» Work instructions:
Each line in the entries below that holds the word "argv" belongs in the answer.

____ Recorded data

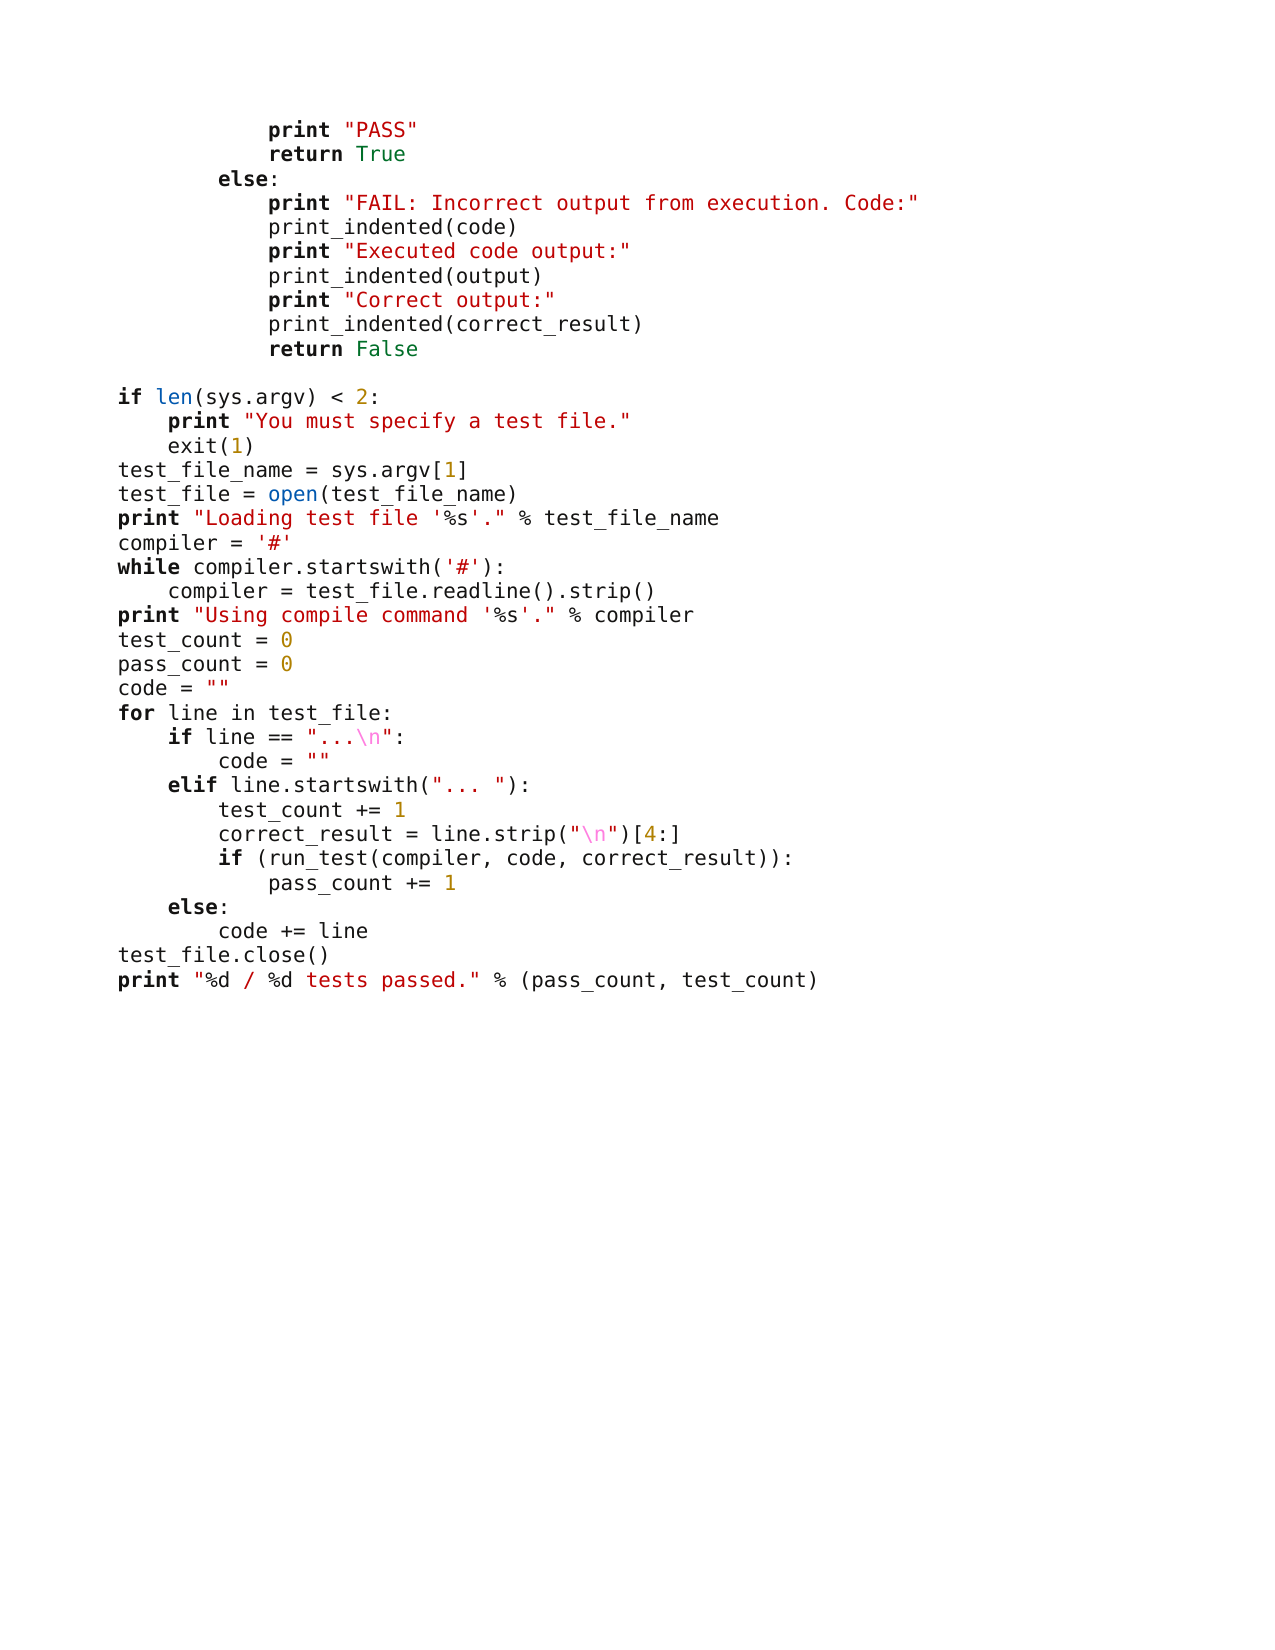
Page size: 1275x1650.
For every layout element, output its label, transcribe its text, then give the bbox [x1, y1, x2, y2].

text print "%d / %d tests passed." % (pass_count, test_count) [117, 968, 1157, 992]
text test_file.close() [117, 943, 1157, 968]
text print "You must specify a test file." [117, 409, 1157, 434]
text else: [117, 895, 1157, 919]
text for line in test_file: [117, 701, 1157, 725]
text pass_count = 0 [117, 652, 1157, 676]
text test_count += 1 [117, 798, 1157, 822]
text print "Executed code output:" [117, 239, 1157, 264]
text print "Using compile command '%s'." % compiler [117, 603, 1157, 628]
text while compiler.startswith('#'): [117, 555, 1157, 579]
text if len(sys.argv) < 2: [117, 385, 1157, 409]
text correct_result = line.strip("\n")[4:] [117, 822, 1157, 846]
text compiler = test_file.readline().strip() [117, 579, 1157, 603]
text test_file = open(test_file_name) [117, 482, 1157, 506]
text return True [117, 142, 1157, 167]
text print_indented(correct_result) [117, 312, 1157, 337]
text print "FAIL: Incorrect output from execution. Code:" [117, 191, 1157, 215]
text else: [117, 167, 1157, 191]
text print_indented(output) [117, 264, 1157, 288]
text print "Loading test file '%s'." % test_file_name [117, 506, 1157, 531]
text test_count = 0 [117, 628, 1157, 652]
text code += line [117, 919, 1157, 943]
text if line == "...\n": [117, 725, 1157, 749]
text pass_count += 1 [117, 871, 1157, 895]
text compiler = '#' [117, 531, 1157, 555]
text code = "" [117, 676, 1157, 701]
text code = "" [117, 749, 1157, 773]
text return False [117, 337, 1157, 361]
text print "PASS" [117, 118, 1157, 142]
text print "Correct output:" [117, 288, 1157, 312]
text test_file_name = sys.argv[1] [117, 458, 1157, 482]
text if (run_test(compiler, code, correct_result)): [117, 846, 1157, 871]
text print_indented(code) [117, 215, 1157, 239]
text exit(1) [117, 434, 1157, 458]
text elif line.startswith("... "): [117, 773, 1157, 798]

________

» Response:
text if len(sys.argv) < 2: [117, 385, 1157, 409]
text test_file_name = sys.argv[1] [117, 458, 1157, 482]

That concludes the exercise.